__Work required__. Report the number of lines in these entries that contain "degrees". Write only the number.

Dataset records

*** Begin section ***

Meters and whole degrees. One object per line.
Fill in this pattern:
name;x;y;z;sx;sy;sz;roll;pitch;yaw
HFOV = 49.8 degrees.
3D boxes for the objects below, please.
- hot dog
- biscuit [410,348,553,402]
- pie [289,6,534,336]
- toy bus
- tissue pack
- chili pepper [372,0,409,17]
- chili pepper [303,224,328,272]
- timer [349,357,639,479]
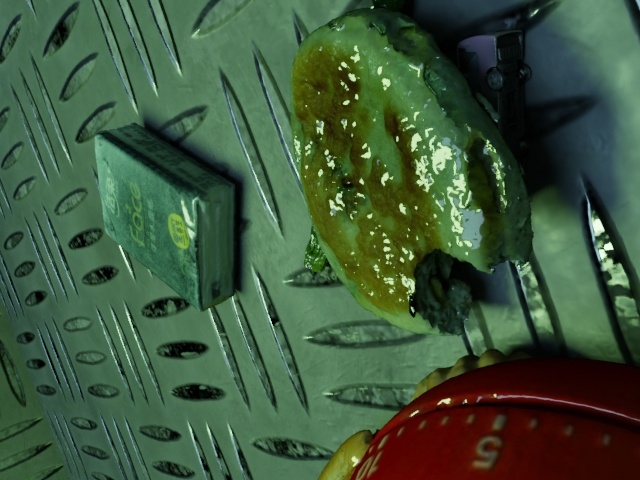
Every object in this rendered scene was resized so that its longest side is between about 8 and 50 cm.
hot dog;0.053;0.286;0.824;0.102;0.076;0.249;21;136;-2
biscuit;0.150;0.142;0.635;0.118;0.061;0.183;26;143;-14
pie;0.059;-0.057;0.616;0.302;0.067;0.302;42;142;44
toy bus;0.138;-0.101;0.555;0.052;0.037;0.130;20;124;50
tissue pack;-0.220;-0.040;0.989;0.257;0.081;0.185;31;130;37
chili pepper;0.045;-0.238;0.601;0.055;0.035;0.118;-40;79;34
chili pepper;0.001;-0.001;0.785;0.030;0.034;0.091;18;127;5
timer;0.183;0.259;0.459;0.378;0.279;0.377;20;130;26
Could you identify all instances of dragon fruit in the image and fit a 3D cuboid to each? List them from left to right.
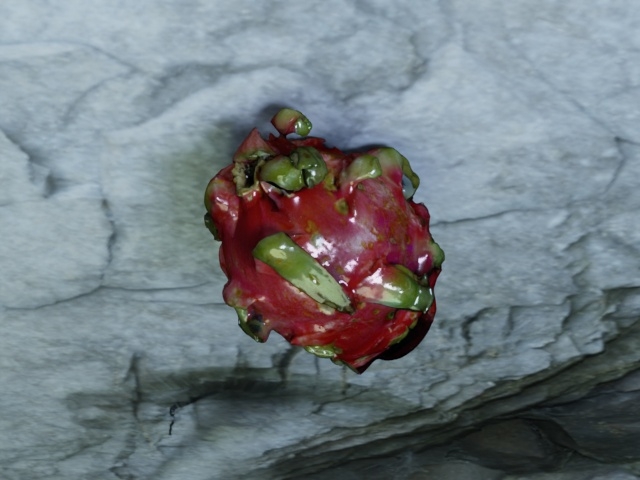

*** End section ***

__Solution to this exercise__. 2